# 1.41



## bigfishy (Jun 19, 2009)

4.5 cents jump in gas price, I am going to cry now! >.<''

http://news.ca.msn.com/top-stories/gas-could-jump-45-cents-overnight-in-ontario-3


----------



## Tropicana (Feb 15, 2009)

Yeah... Makes electric look better thats for sure...


----------



## carmenh (Dec 20, 2009)

These big oil companies are definitely putting a damper on my recreational shopping excursions...thank goodness we got Coral Reef Shop and Advanced Reef Aquatics now; meandering out to SUM and NAFB is a really expensive excursion these days.


----------



## Kerohime (Jan 10, 2011)

In a month how much would you say you guys spent on gas?


----------



## bigfishy (Jun 19, 2009)

around $300


----------



## splur (May 11, 2011)

Good thing I walk everywhere. 0$/mo for gas 

1.41 is crazy though...


----------



## Octavian (Sep 30, 2009)

splur said:


> Good thing I walk everywhere. 0$/mo for gas
> 
> 1.41 is crazy though...


You forget though the costs of transportation gets factored into the grocceries you buy. So expect inflationary prices on your grocery bill.


----------



## Kerohime (Jan 10, 2011)

Octavian said:


> You forget though the costs of transportation gets factored into the grocceries you buy. So expect inflationary prices on your grocery bill.

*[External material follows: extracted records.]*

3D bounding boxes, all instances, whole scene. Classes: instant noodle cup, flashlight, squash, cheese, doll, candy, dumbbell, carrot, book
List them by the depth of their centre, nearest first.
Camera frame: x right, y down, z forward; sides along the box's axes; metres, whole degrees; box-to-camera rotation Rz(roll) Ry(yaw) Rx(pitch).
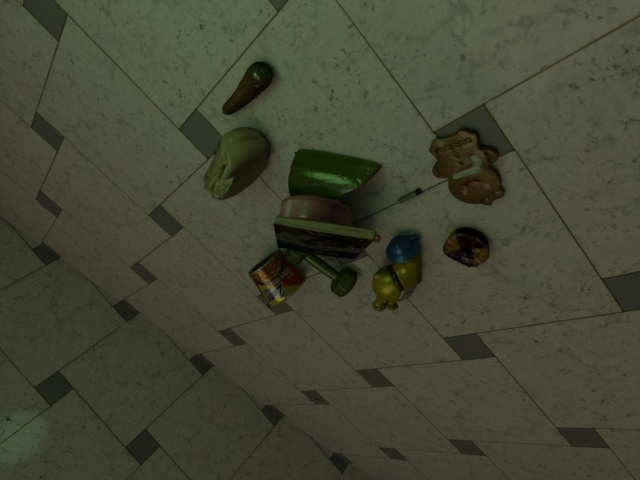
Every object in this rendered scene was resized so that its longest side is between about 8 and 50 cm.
[{"bbox_3d":[-0.243,-0.450,1.308,0.078,0.078,0.298,47,144,-18],"label":"carrot"},{"bbox_3d":[0.280,-0.139,1.320,0.018,0.018,0.083,48,138,-16],"label":"flashlight"},{"bbox_3d":[0.037,-0.174,1.375,0.289,0.111,0.203,16,140,16],"label":"squash"},{"bbox_3d":[-0.016,-0.076,1.395,0.256,0.094,0.255,8,170,1],"label":"candy"},{"bbox_3d":[0.000,0.000,1.410,0.301,0.039,0.428,8,169,-2],"label":"book"},{"bbox_3d":[-0.288,-0.254,1.412,0.127,0.233,0.266,42,138,5],"label":"cheese"},{"bbox_3d":[0.283,0.115,1.510,0.200,0.145,0.362,-3,133,-19],"label":"doll"},{"bbox_3d":[0.004,0.101,1.678,0.302,0.121,0.108,36,112,-4],"label":"dumbbell"},{"bbox_3d":[-0.193,0.155,1.799,0.213,0.213,0.174,-27,105,46],"label":"instant noodle cup"}]

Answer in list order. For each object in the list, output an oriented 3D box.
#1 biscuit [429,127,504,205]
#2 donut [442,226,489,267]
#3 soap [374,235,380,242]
[{"bbox_3d":[0.408,-0.192,1.171,0.184,0.035,0.248,-12,124,40],"label":"biscuit"},{"bbox_3d":[0.463,0.018,1.334,0.141,0.059,0.140,18,139,17],"label":"donut"},{"bbox_3d":[0.174,-0.015,1.521,0.089,0.012,0.034,20,140,14],"label":"soap"}]
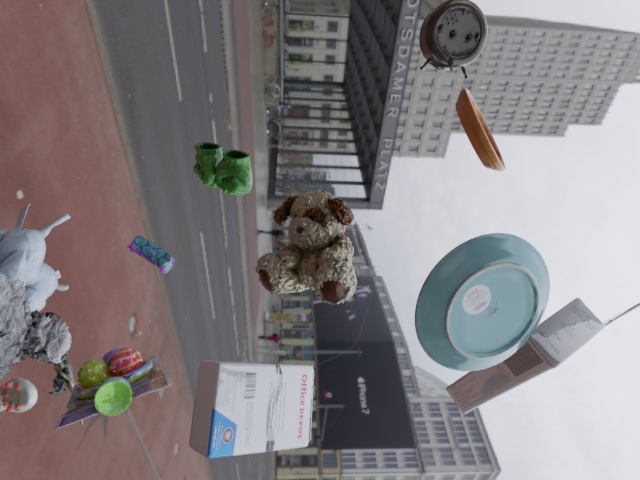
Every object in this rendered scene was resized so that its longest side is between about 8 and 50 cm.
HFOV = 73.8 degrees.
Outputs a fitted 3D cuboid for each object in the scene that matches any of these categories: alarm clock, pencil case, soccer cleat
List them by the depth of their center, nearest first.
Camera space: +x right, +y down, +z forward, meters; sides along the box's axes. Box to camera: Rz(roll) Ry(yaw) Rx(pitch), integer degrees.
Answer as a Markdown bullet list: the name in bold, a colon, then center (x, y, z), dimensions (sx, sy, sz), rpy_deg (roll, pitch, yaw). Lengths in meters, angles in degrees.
- **alarm clock**: center (0.275, -0.438, 0.865), dimensions (0.064, 0.129, 0.192), rpy_deg (-121, -142, -76)
- **soccer cleat**: center (-0.616, 0.315, 0.875), dimensions (0.076, 0.196, 0.068), rpy_deg (6, 69, -54)
- **pencil case**: center (-0.579, 0.048, 1.465), dimensions (0.064, 0.151, 0.070), rpy_deg (-61, 173, 32)

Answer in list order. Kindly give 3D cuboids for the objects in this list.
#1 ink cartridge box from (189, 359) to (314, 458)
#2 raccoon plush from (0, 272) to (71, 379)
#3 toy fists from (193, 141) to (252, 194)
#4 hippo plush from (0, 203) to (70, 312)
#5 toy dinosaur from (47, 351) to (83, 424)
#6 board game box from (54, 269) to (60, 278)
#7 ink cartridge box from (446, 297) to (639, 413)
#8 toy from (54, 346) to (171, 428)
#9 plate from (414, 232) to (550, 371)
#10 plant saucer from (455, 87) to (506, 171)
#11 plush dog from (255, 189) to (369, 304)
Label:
- **ink cartridge box**: center (-0.230, 0.578, 1.503), dimensions (0.166, 0.394, 0.286), rpy_deg (-13, -112, 50)
- **raccoon plush**: center (-0.696, 0.171, 0.751), dimensions (0.446, 0.299, 0.216), rpy_deg (105, -6, -58)
- **toy fists**: center (-0.334, -0.235, 1.441), dimensions (0.096, 0.279, 0.142), rpy_deg (-32, 131, -41)
- **hippo plush**: center (-0.830, 0.081, 1.139), dimensions (0.237, 0.234, 0.294), rpy_deg (108, -4, -52)
- **toy dinosaur**: center (-0.692, 0.365, 1.147), dimensions (0.268, 0.064, 0.118), rpy_deg (59, -25, 14)
- **board game box**: center (-0.914, 0.137, 1.338), dimensions (0.154, 0.103, 0.026), rpy_deg (-85, 166, -75)
- **ink cartridge box**: center (0.402, 0.198, 0.791), dimensions (0.066, 0.261, 0.296), rpy_deg (56, -28, 24)
- **toy**: center (-0.307, 0.195, 0.631), dimensions (0.237, 0.136, 0.056), rpy_deg (-4, -79, 64)
- **plate**: center (0.205, 0.084, 0.520), dimensions (0.024, 0.188, 0.188), rpy_deg (-127, -143, -67)
- **plant saucer**: center (0.348, -0.237, 0.936), dimensions (0.200, 0.037, 0.200), rpy_deg (40, 36, -37)
- **plush dog**: center (0.000, 0.000, 0.948), dimensions (0.210, 0.262, 0.226), rpy_deg (-14, 104, -49)
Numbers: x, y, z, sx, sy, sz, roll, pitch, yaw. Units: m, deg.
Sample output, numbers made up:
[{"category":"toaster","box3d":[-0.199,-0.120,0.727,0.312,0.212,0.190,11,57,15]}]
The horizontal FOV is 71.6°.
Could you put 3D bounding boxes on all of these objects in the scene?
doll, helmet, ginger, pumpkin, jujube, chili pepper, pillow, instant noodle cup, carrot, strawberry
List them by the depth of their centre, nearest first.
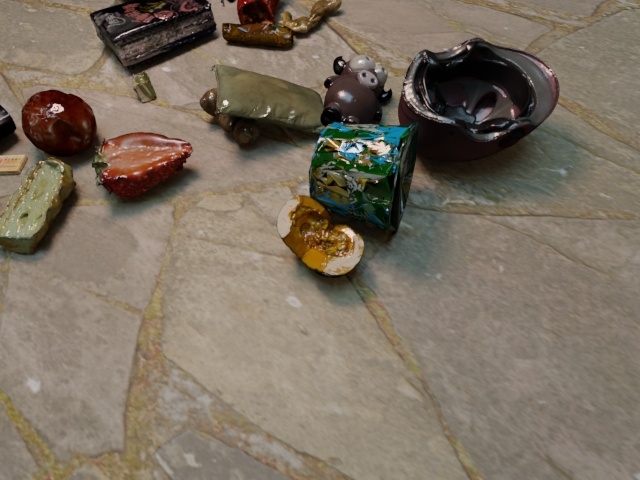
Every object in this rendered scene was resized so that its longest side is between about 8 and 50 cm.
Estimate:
[{"category":"pumpkin","box3d":[0.000,0.000,0.899,0.183,0.107,0.119,42,77,11]},{"category":"instant noodle cup","box3d":[0.090,-0.140,0.919,0.178,0.240,0.240,14,59,17]},{"category":"helmet","box3d":[0.335,-0.295,1.013,0.338,0.197,0.271,-11,65,-11]},{"category":"strawberry","box3d":[-0.425,-0.190,1.068,0.228,0.098,0.174,-26,59,-16]},{"category":"pillow","box3d":[-0.122,-0.349,1.110,0.302,0.075,0.185,6,51,-24]},{"category":"doll","box3d":[0.086,-0.372,1.127,0.182,0.117,0.257,33,62,-9]},{"category":"ginger","box3d":[-0.228,-0.317,1.140,0.204,0.080,0.104,45,38,20]},{"category":"jujube","box3d":[-0.677,-0.309,1.143,0.168,0.168,0.236,-38,47,-19]},{"category":"carrot","box3d":[-0.196,-0.632,1.363,0.229,0.069,0.069,9,58,11]},{"category":"ginger","box3d":[-0.032,-0.709,1.407,0.193,0.052,0.176,-2,56,13]},{"category":"chili pepper","box3d":[-0.184,-0.824,1.441,0.131,0.134,0.338,-7,57,28]}]

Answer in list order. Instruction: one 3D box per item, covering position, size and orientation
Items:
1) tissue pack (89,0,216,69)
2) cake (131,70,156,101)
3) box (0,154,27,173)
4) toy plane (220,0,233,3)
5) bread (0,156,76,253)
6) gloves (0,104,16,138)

Its all relative really...

Everyone else is also paying more for groceries in those cases, its still a bonus to be of walking distance everywhere.

I just spent $600 on a good bike to take me down to dragonboat practice 3 times a week. And I feel like its more justifiable now...


----------



## AquaNekoMobile (Feb 26, 2010)

Personally I'm waiting for $1.50 so I can snap a pic of the pricing. Everyone complains about price of petrol yet everyone seems to not want to do anything about it. I pretty much don't use the car unless I need to. Biking works way better then walking tho I should walk more for the fitness. 

The cool thing about when the cost of petrol goes up you see some interesting creations by people to get innovative to biuld stuff to adapt to thier bikes or motor bikes to hual more while using less petrol.


----------